[Extracted records]
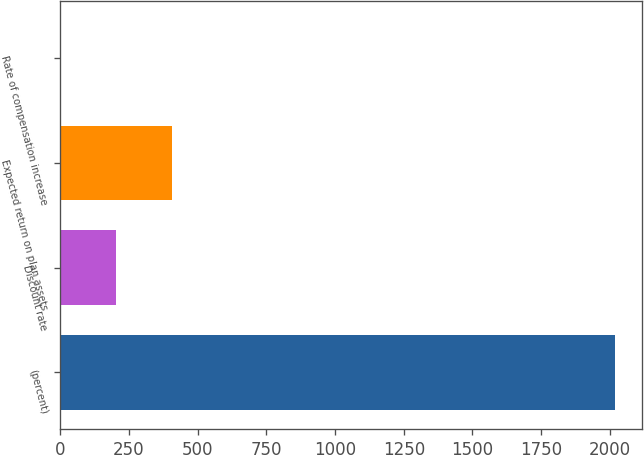Convert chart to OTSL. <chart><loc_0><loc_0><loc_500><loc_500><bar_chart><fcel>(percent)<fcel>Discount rate<fcel>Expected return on plan assets<fcel>Rate of compensation increase<nl><fcel>2017<fcel>204.4<fcel>405.8<fcel>3<nl></chart> 
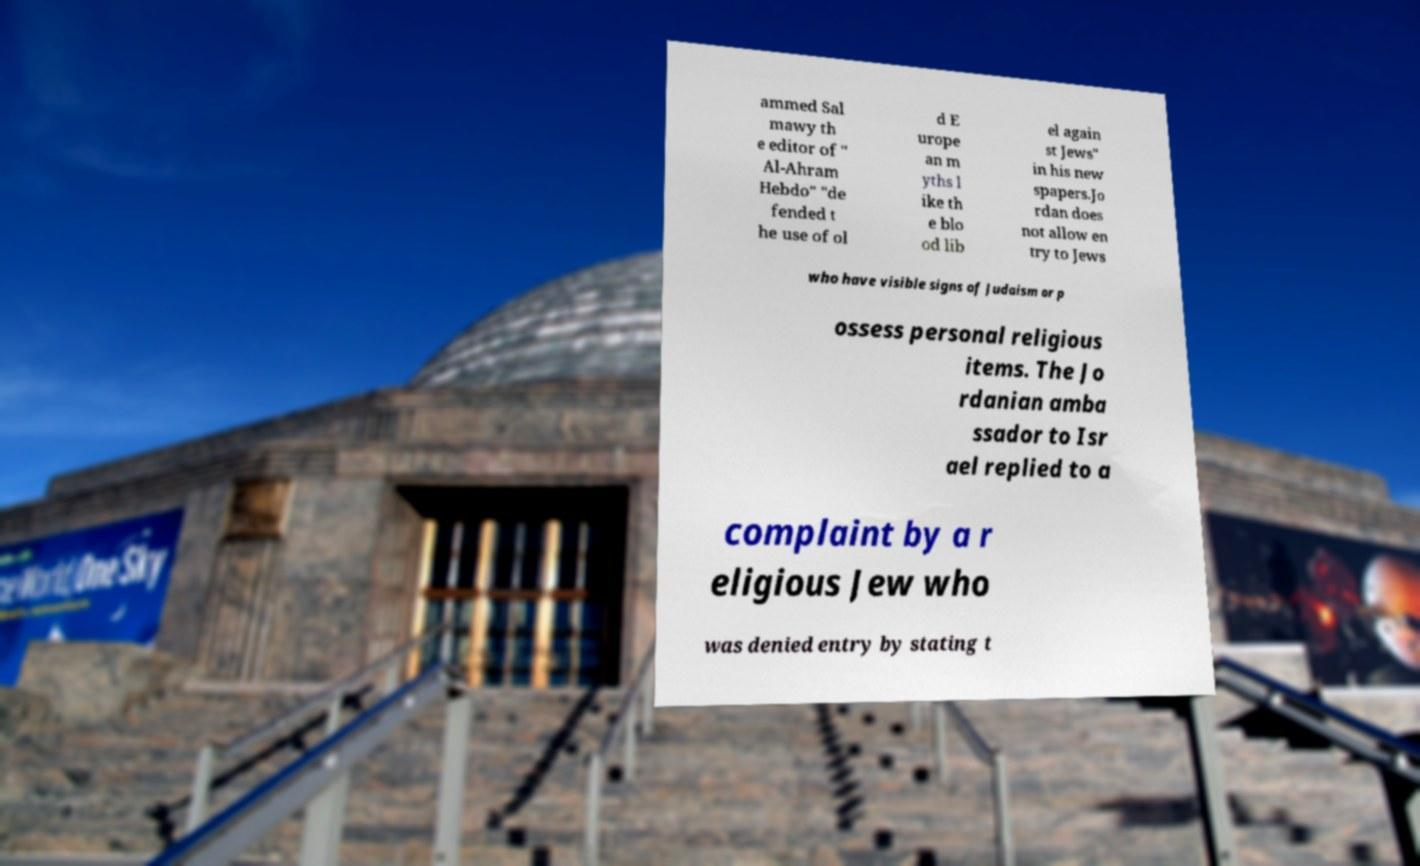There's text embedded in this image that I need extracted. Can you transcribe it verbatim? ammed Sal mawy th e editor of " Al-Ahram Hebdo" "de fended t he use of ol d E urope an m yths l ike th e blo od lib el again st Jews" in his new spapers.Jo rdan does not allow en try to Jews who have visible signs of Judaism or p ossess personal religious items. The Jo rdanian amba ssador to Isr ael replied to a complaint by a r eligious Jew who was denied entry by stating t 
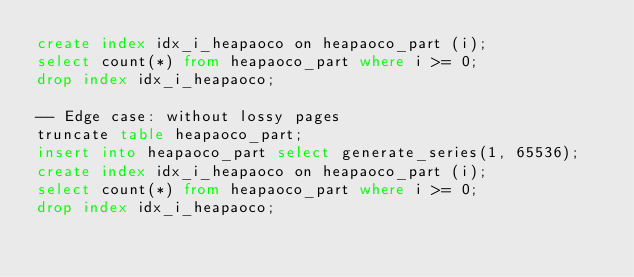<code> <loc_0><loc_0><loc_500><loc_500><_SQL_>create index idx_i_heapaoco on heapaoco_part (i);
select count(*) from heapaoco_part where i >= 0;
drop index idx_i_heapaoco;

-- Edge case: without lossy pages
truncate table heapaoco_part;
insert into heapaoco_part select generate_series(1, 65536);
create index idx_i_heapaoco on heapaoco_part (i);
select count(*) from heapaoco_part where i >= 0;
drop index idx_i_heapaoco;
</code> 
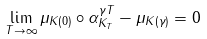Convert formula to latex. <formula><loc_0><loc_0><loc_500><loc_500>\lim _ { T \to \infty } \| \mu _ { K ( 0 ) } \circ \alpha _ { K _ { T } } ^ { \gamma T } - \mu _ { K ( \gamma ) } \| = 0</formula> 
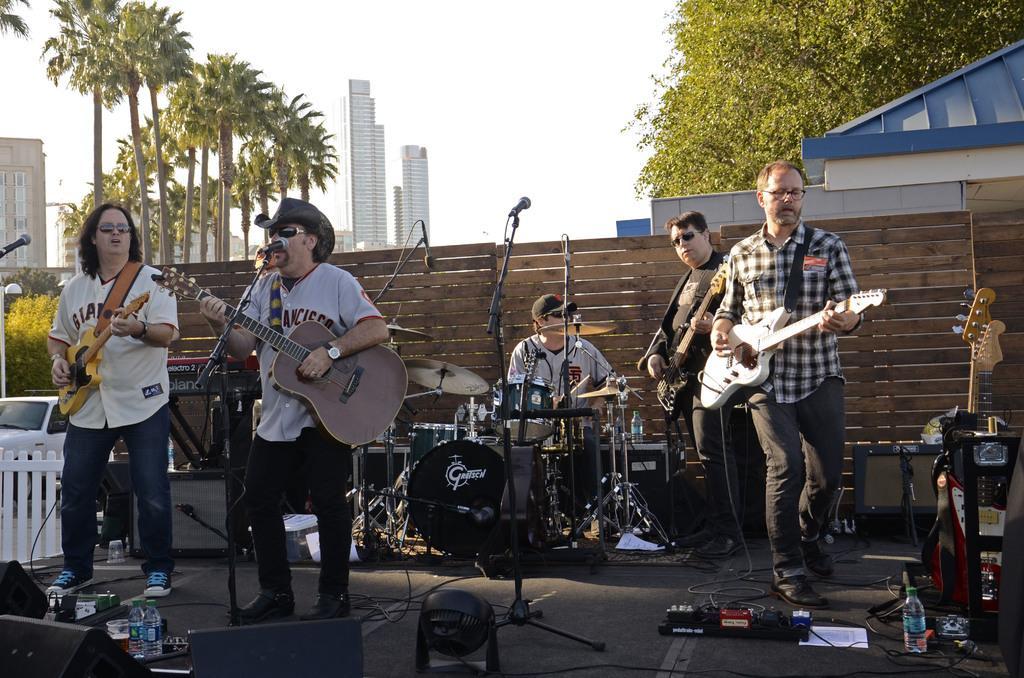Describe this image in one or two sentences. This image is clicked outside. This might be clicked in a musical concert. There are so many people on the stage who are playing musical instruments. There are mikes and there are so many musical instruments in this image. There is a car on the left side and there is a building on the left side. There are trees on the left side and right side. There is sky on the top. 
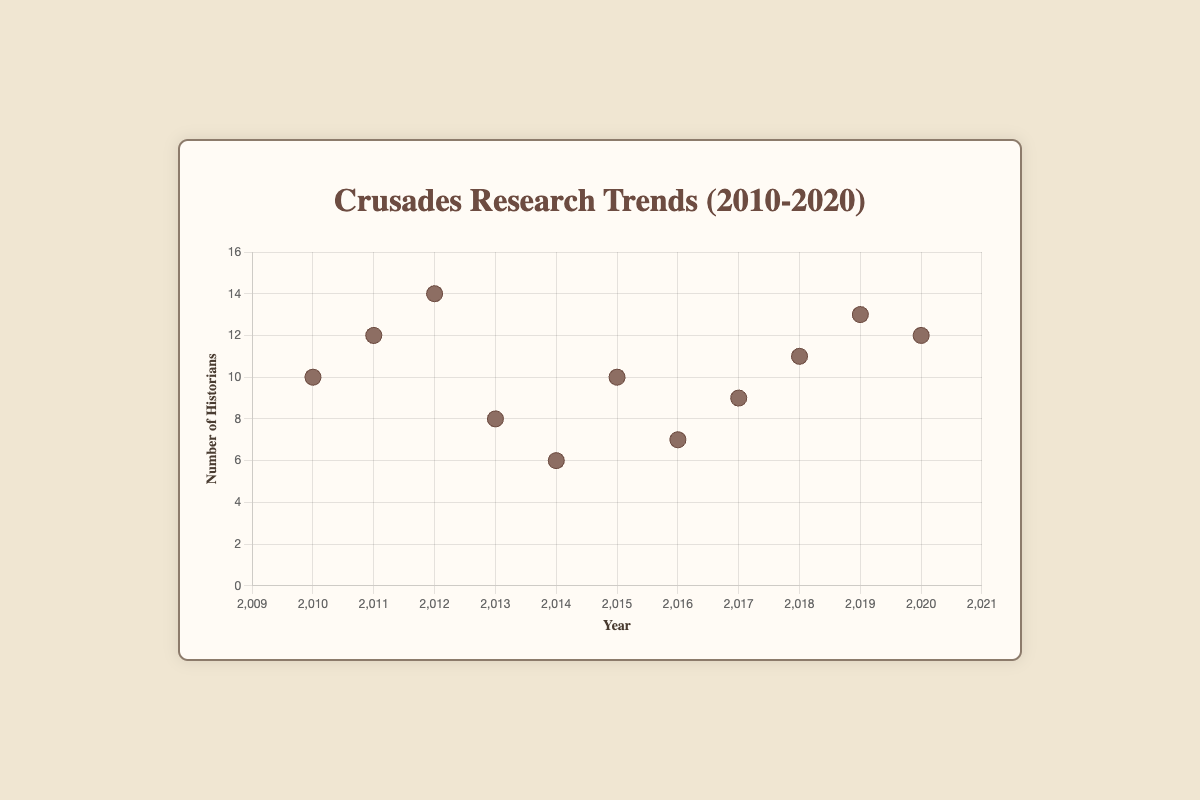How many historians were researching the First Crusade in 2010? The scatter plot indicates each data point clearly, and by looking at the point corresponding to the year 2010, we see 10 historians researching the First Crusade.
Answer: 10 Which year had the highest number of historians researching the Third Crusade? By examining the scatter plot, the year corresponding to the highest number of historians for the Third Crusade is 2012 at 14 historians.
Answer: 2012 What is the trend in the number of historians over the years 2010 to 2020? Analyzing the scatter points from 2010 to 2020, we can observe an overall fluctuation in the number of historians with minor rises and falls, reaching a notable peak in 2012 and stabilizing in 2019 and 2020.
Answer: Fluctuating How does the number of historians researching the Albigensian Crusade in 2013 compare to those researching the Children’s Crusade in 2014? Look at the data points for 2013 and 2014. 2013 shows 8 historians for the Albigensian Crusade and 2014 shows 6 historians for the Children’s Crusade, making 2013 have more historians.
Answer: 2013 > 2014 What is the median number of historians researching different Crusades from 2010 to 2020? To find the median: (10, 12, 14, 8, 6, 10, 7, 9, 11, 13, 12), sort these values: (6, 7, 8, 9, 10, 10, 11, 12, 12, 13, 14), the median value, being the central figure in this ordered set, is 10.
Answer: 10 Could you determine the research topic that had the least number of historians in any single year within the given decade? Scan the Y-axis values; the minimum value is 6, which corresponds to 2014 for the Children's Crusade.
Answer: Children's Crusade In what year did the number of historians researching the Barons' Crusade peak, and what was that number? Locate the data point for the Barons' Crusade, which is marked in 2019, record its number of historians, which is 13.
Answer: 2019, 13 How many total historians were there across all research topics in 2012 and 2018? Sum the historians for these years: 2012 has 14, and 2018 has 11, making the total 14 + 11 = 25.
Answer: 25 Which year saw the highest diversity in research topics, and what criterion leads to this conclusion? Each year is represented once by different historians, making the unique topic count uniformly distributed. Since each year had a distinct research topic, diversity is equal for all years.
Answer: All years equal How many years had fewer than 10 historians researching a particular Crusade? By inspecting the y-values: 2013 (8), 2014 (6), 2016 (7), and 2017 (9) result in four separate years with values under 10.
Answer: 4 
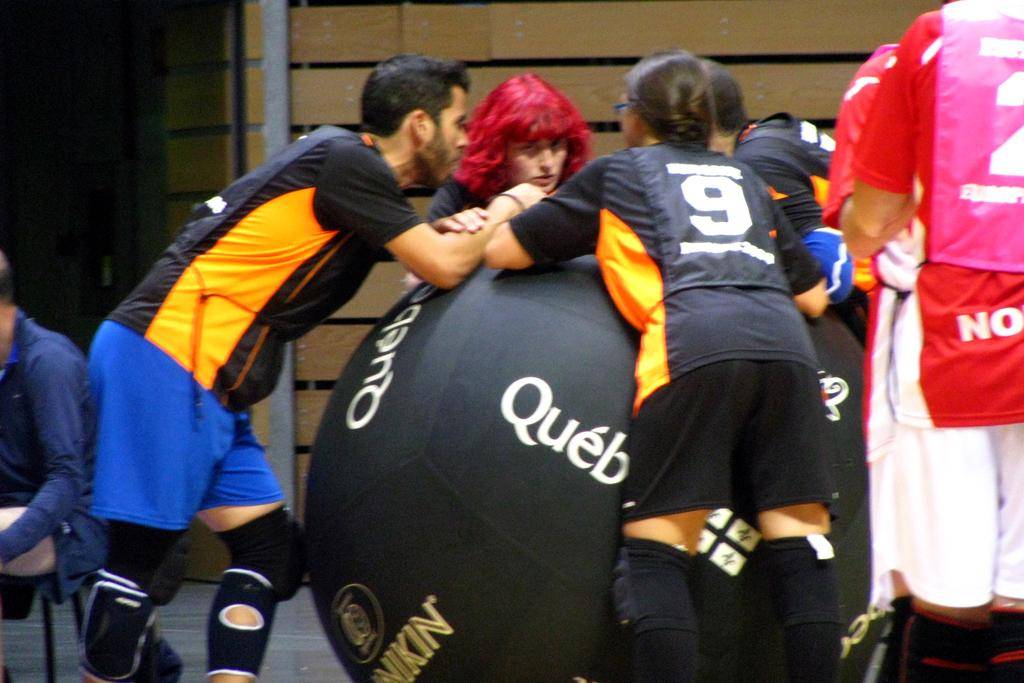What can be seen in the image involving people? There are players in the image. What is written or displayed on the black color wall? There is text on a black color wall in the image. What is also present on the black color wall? There is a logo on the black color wall. What can be seen in the background of the image? Walls and a pole are visible in the background of the image. What is the surface that the players and the wall are on? The surface is visible in the image. Can you tell me how many bears are standing next to the players in the image? There are no bears present in the image. What advice does the mom give to the players in the image? There is no mom present in the image, and therefore no advice can be given. 
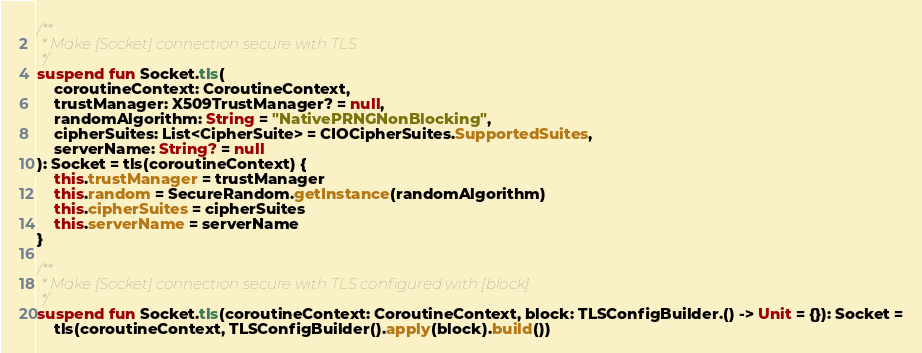Convert code to text. <code><loc_0><loc_0><loc_500><loc_500><_Kotlin_>/**
 * Make [Socket] connection secure with TLS.
 */
suspend fun Socket.tls(
    coroutineContext: CoroutineContext,
    trustManager: X509TrustManager? = null,
    randomAlgorithm: String = "NativePRNGNonBlocking",
    cipherSuites: List<CipherSuite> = CIOCipherSuites.SupportedSuites,
    serverName: String? = null
): Socket = tls(coroutineContext) {
    this.trustManager = trustManager
    this.random = SecureRandom.getInstance(randomAlgorithm)
    this.cipherSuites = cipherSuites
    this.serverName = serverName
}

/**
 * Make [Socket] connection secure with TLS configured with [block].
 */
suspend fun Socket.tls(coroutineContext: CoroutineContext, block: TLSConfigBuilder.() -> Unit = {}): Socket =
    tls(coroutineContext, TLSConfigBuilder().apply(block).build())
</code> 
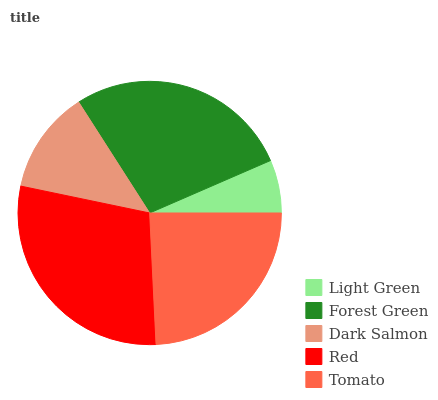Is Light Green the minimum?
Answer yes or no. Yes. Is Red the maximum?
Answer yes or no. Yes. Is Forest Green the minimum?
Answer yes or no. No. Is Forest Green the maximum?
Answer yes or no. No. Is Forest Green greater than Light Green?
Answer yes or no. Yes. Is Light Green less than Forest Green?
Answer yes or no. Yes. Is Light Green greater than Forest Green?
Answer yes or no. No. Is Forest Green less than Light Green?
Answer yes or no. No. Is Tomato the high median?
Answer yes or no. Yes. Is Tomato the low median?
Answer yes or no. Yes. Is Dark Salmon the high median?
Answer yes or no. No. Is Forest Green the low median?
Answer yes or no. No. 
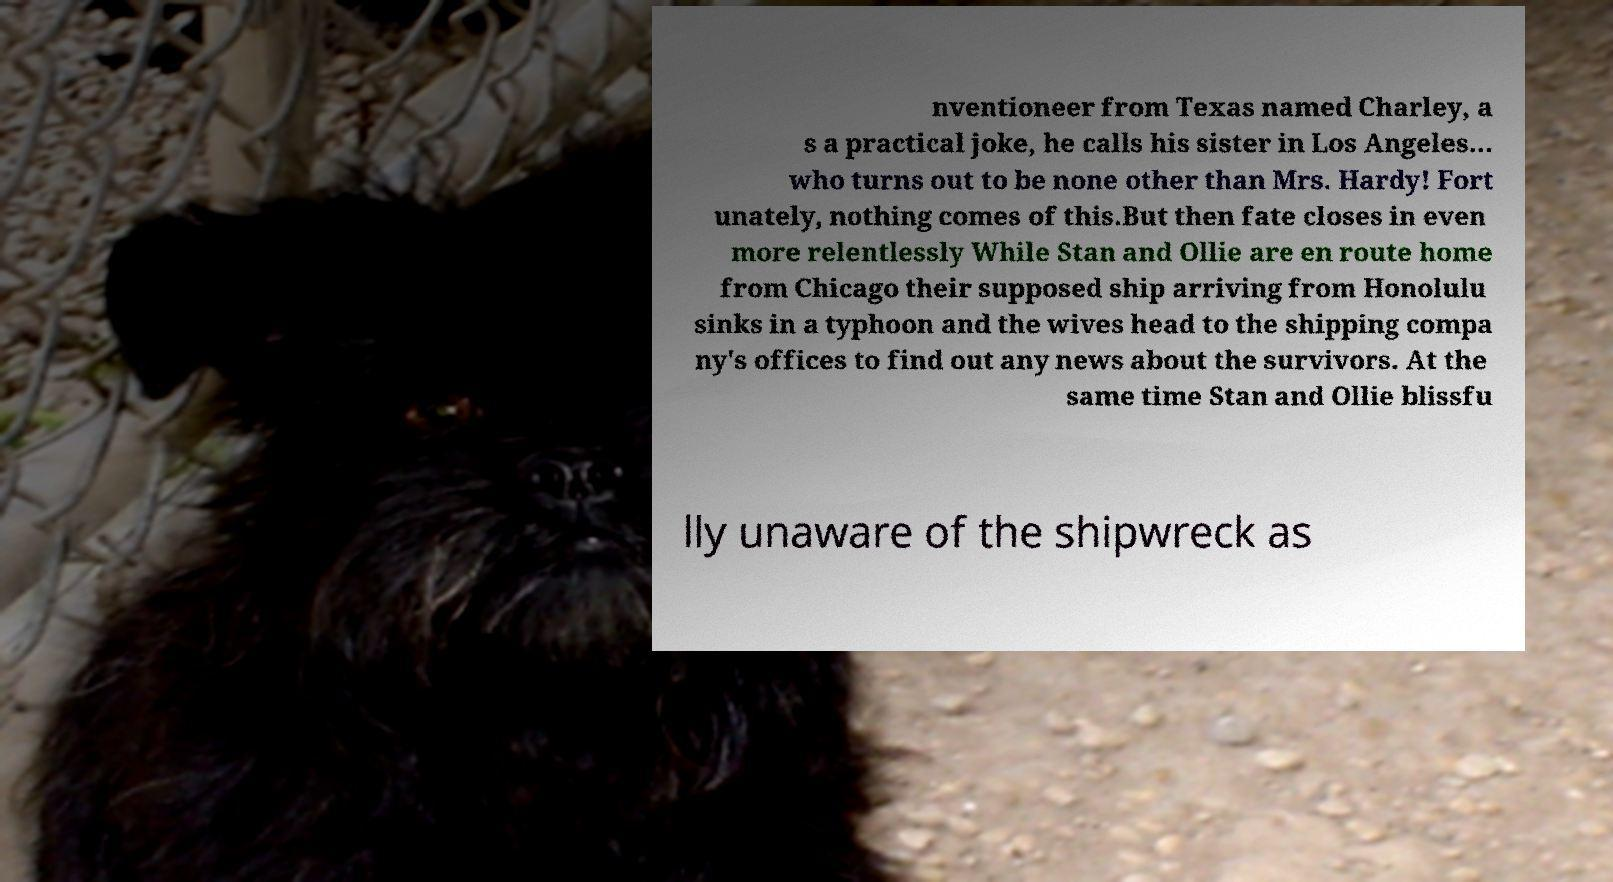I need the written content from this picture converted into text. Can you do that? nventioneer from Texas named Charley, a s a practical joke, he calls his sister in Los Angeles... who turns out to be none other than Mrs. Hardy! Fort unately, nothing comes of this.But then fate closes in even more relentlessly While Stan and Ollie are en route home from Chicago their supposed ship arriving from Honolulu sinks in a typhoon and the wives head to the shipping compa ny's offices to find out any news about the survivors. At the same time Stan and Ollie blissfu lly unaware of the shipwreck as 
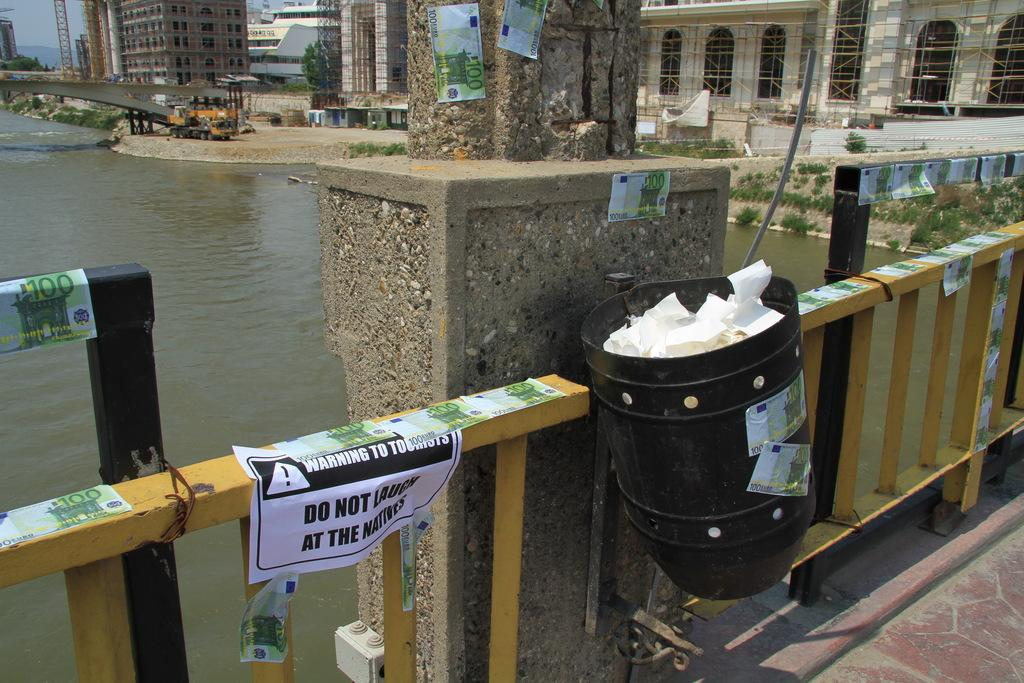Provide a one-sentence caption for the provided image. A bridge over a river with a paper sign that says Warning To Tourists.

[The task] Search the records for the word "Socket" and copy out every line that holds it.

[Solution below]
 * Make [Socket] connection secure with TLS.
suspend fun Socket.tls(
): Socket = tls(coroutineContext) {
 * Make [Socket] connection secure with TLS configured with [block].
suspend fun Socket.tls(coroutineContext: CoroutineContext, block: TLSConfigBuilder.() -> Unit = {}): Socket =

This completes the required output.